Search code examples
gitgit-filter-branchatlassian-fisheye

How to remove an entry with null sha1 in a Git tree


I have inherited of a git repository with a null sha1 for a commit entry in a tree, preventing FishEye to index the repository.

$ git fsck
Checking object directoriies: 100%(256/256), done.
warning in tree db22a67df70dc4ff90ec4cd666da91e9c2cb0d9:
    contains entries pointing to null sha1
Checking objects: 100% (416532/416532), done.
Checking connectivity: 416532, done.

Looking for the given tree give me the following result:

$ git ls-tree db22a6
100644 blob e615f18b55a39f2719112ce209c2505dd92d8e75    .gitignore
100644 blob ac852f06c5a04420356c1d5efca44d9a864e78b0    .project
160000 commit 0000000000000000000000000000000000000000  SomeDirectory
100644 blob 631c17e28026261a2ccf6bc570842cf4af9f181c    GoDeploy.bat
100644 blob 40e992ab5c3868af2910135c3ac4610c3646e7f8    pom.xml

Looking in the history, I've found that SomeDirectory was initially a git submodule and that the commit that seems to cause the issue is the one that removed both the .gitmodules and SomeDirectory. Now, there is a real directory called SomeDirectory at the exact same place where the culprit was.
I though I could still try to fix run a git filter-branch to see what I would end up, but it does not work:

$ git filter-branch --force --index-filter \
$ 'git rm --cached --ignore-unmatch SomeDirectory' \
$ --prune-empty --tag-name-filter cat -- --all
[... striped out for clarity]
Rewrite c571a3ec94e9f84471577bac41ac7375c729ef08 (76/18522)error:
    cache enttry has null sha1: SomeDirectory
fatal: unable to write new index file
Could not initialize the index
[... striped out for clarity]

What am I supposed to try next, knowing that there is no backup that I'm aware of prior to the commit that causes the issue.


Solution

  • The message you get suggests that there was only a single tree with a bad submodule. In that case, there is very little you have to clean up. You can create a new fixed tree that doesn't have this problem:

    $ git ls-tree db22a67df70dc4ff90ec4cd666da91e9c2cb0d9 |
    > sed -e '/0\{40\}/d' |
    > git mktree
    (new tree SHA1 here)
    

    Your question shows the git ls-tree output already. The sed removes the line with the bad submodule, and git mktree creates a new tree object from the result.

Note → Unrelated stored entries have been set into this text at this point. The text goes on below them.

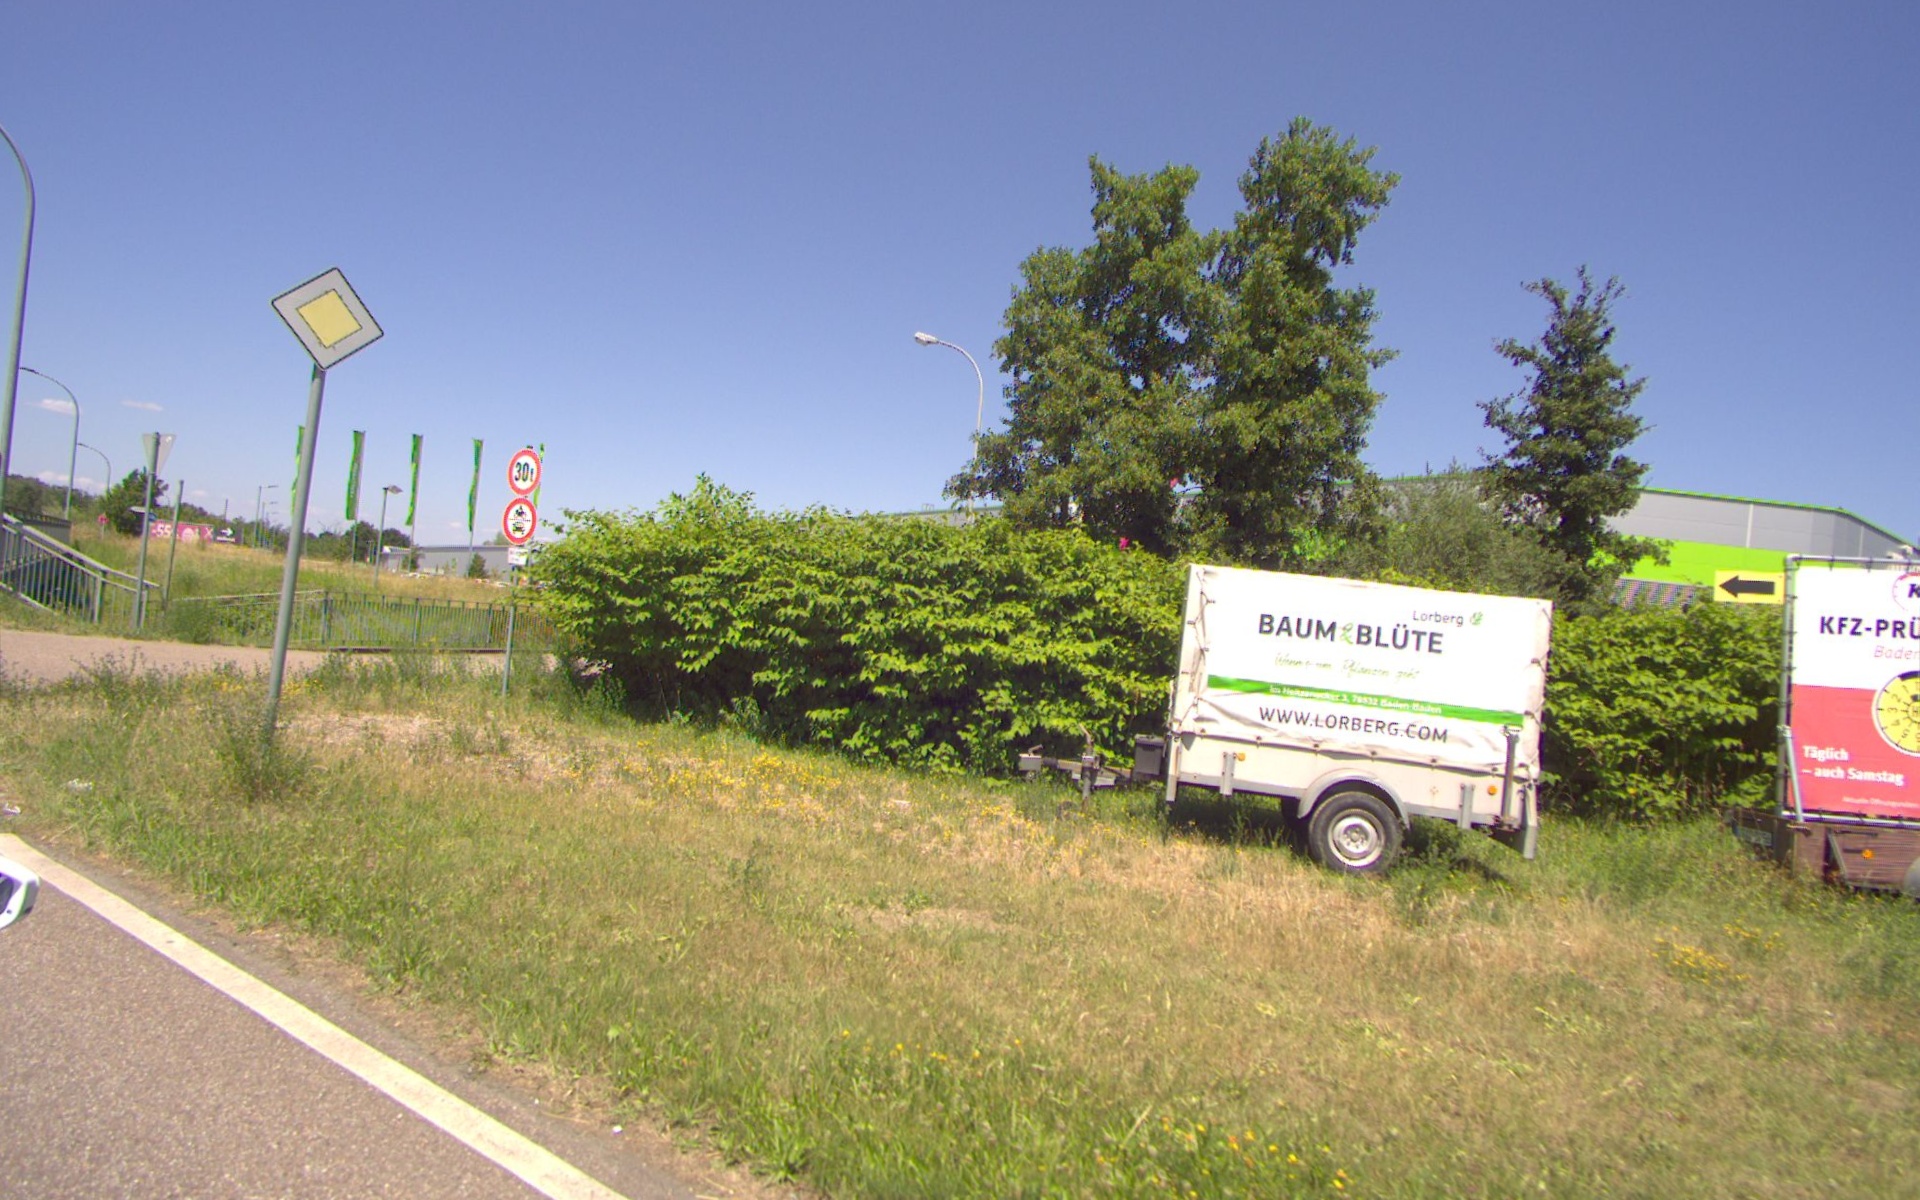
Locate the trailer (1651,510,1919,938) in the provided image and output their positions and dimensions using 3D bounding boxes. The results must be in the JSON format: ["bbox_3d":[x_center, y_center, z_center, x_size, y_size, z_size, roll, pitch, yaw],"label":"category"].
[{"bbox_3d":[7.269,0.959,7.252,3.087,2.702,1.854,6,-1,10],"label":"trailer"}]

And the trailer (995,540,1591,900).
[{"bbox_3d":[2.424,0.842,8.061,3.893,2.102,1.854,6,-1,10],"label":"trailer"}]
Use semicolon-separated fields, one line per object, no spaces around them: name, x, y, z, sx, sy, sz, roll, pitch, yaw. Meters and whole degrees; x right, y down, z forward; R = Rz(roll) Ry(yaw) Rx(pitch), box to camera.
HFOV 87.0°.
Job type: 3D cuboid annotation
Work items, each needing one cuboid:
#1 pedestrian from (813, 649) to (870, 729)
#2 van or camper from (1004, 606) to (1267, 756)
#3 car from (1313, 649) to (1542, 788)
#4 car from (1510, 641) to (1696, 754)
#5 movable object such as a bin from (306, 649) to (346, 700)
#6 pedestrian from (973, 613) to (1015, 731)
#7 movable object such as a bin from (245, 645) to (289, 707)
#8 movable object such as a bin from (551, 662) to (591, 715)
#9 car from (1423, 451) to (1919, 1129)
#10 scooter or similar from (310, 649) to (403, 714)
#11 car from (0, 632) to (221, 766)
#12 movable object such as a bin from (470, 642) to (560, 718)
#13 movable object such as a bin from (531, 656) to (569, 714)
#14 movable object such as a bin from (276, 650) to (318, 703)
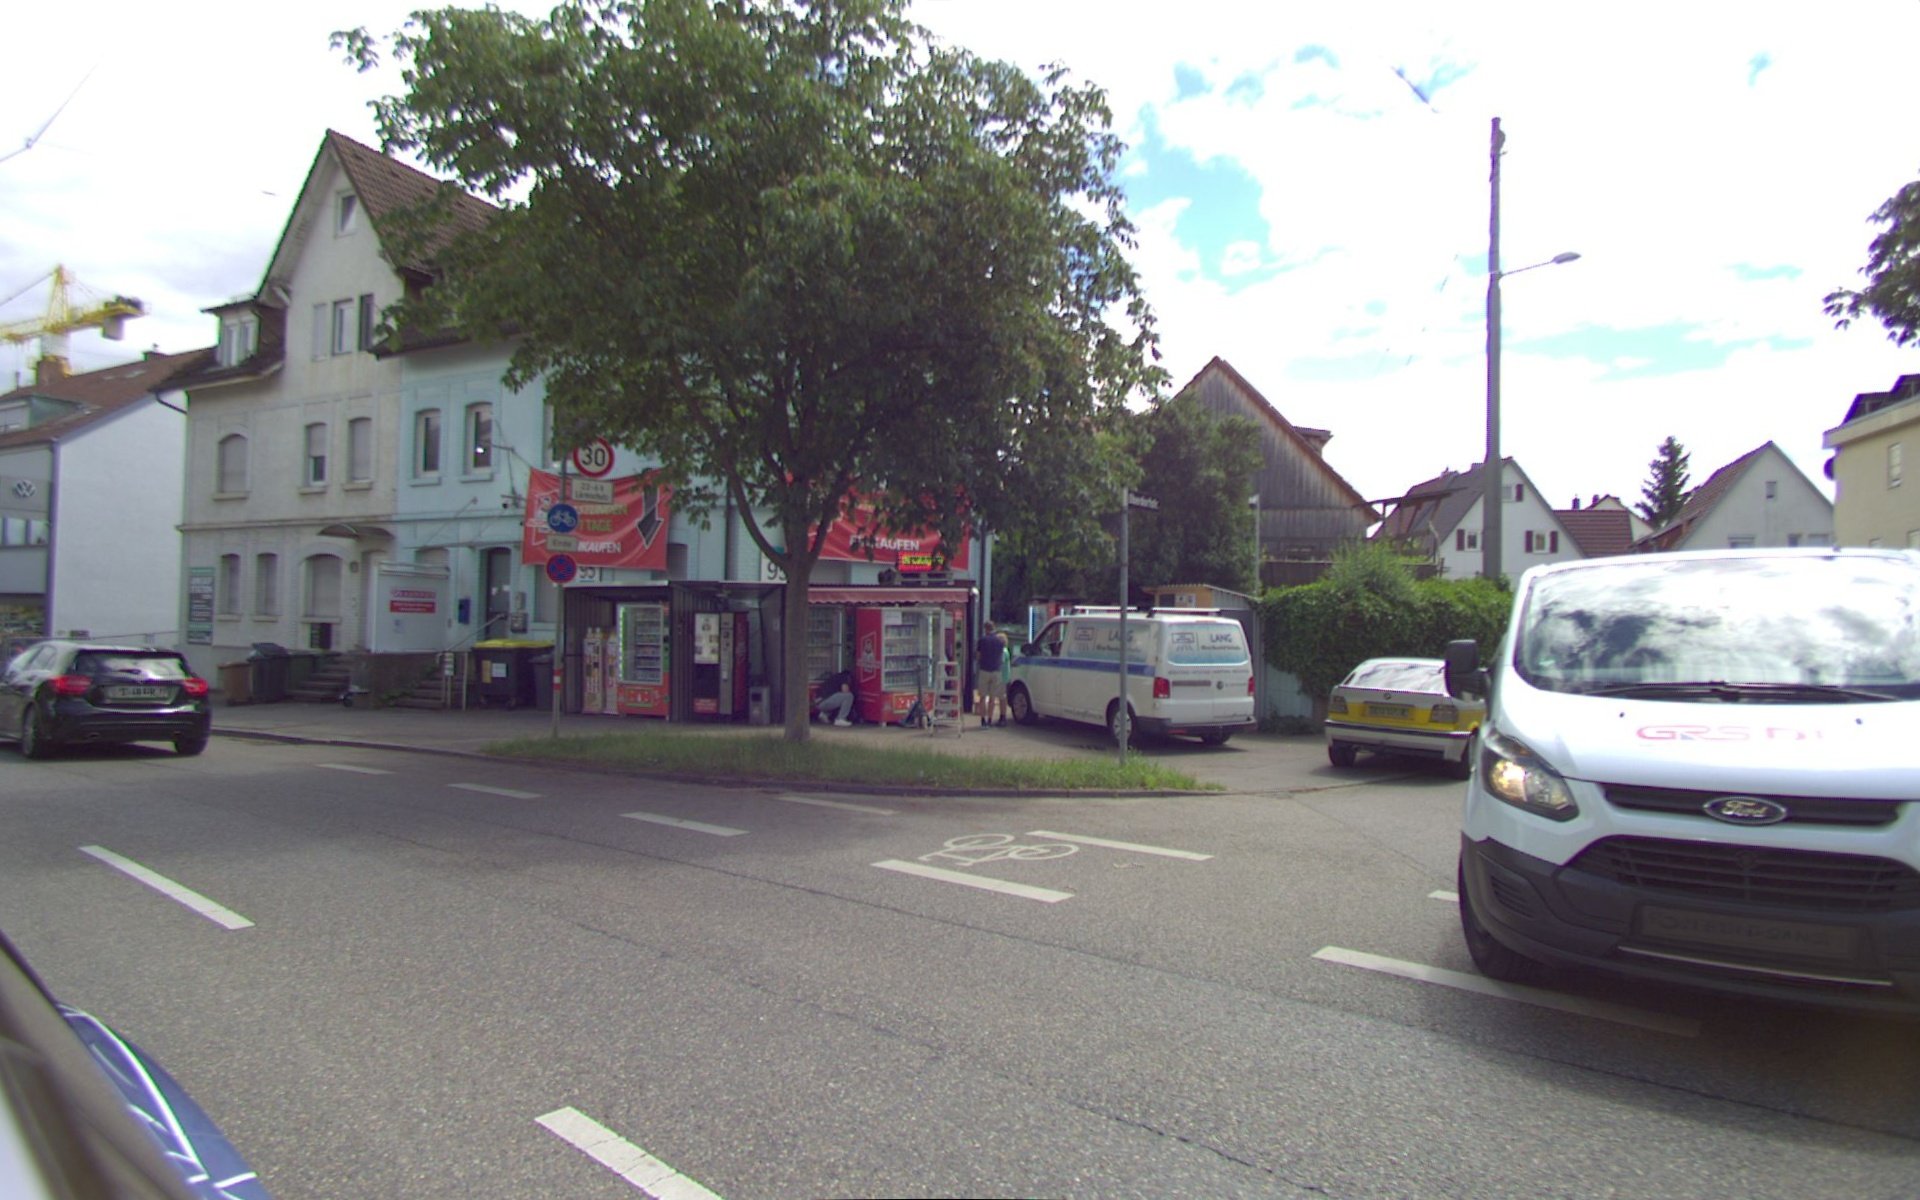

    Once you have the fixed tree, you can create a fixed commit using this tree:

    $ git cat-file commit c571a3ec94e9f84471577bac41ac7375c729ef08 |
    > sed 's/db22a67df70dc4ff90ec4cd666da91e9c2cb0d9/(new tree SHA1 here)/' |
    > git hash-object -t commit -w --stdin
    (new commit SHA1 here)
    

    git cat-file commit c571a3ec94e9f84471577bac41ac7375c729ef08 prints the problematic commit object in a textual form. It will start with tree db22a67df70dc4ff90ec4cd666da91e9c2cb0d9, and continues with the rest of the commit info (parent, author, committer, commit message). The sed replaces the tree line's reference to the old tree by the new one. git hash-object -t commit -w --stdin creates a new commit object from the result, writes it to the repository, and prints its ID.

    Once you have the fixed commit, you can use git replace:

    $ git replace c571a3ec94e9f84471577bac41ac7375c729ef08 (new commit SHA1 here)
    

    This doesn't actually change anything yet, but tells Git that whenever it would read commit c571a3ec94e9f84471577bac41ac7375c729ef08, it should read the new commit object instead.

    And finally, use git filter-branch to make it permanent. This goes through all commits, reads them, and writes them back. Ordinarily, without any options to modify the commits, this wouldn't have much effect, but because of the earlier git replace, this causes all commits with c571a3ec94e9f84471577bac41ac7375c729ef08 as a parent to be re-written to refer to the new commit instead, all commits which refer to those re-written as well, etc.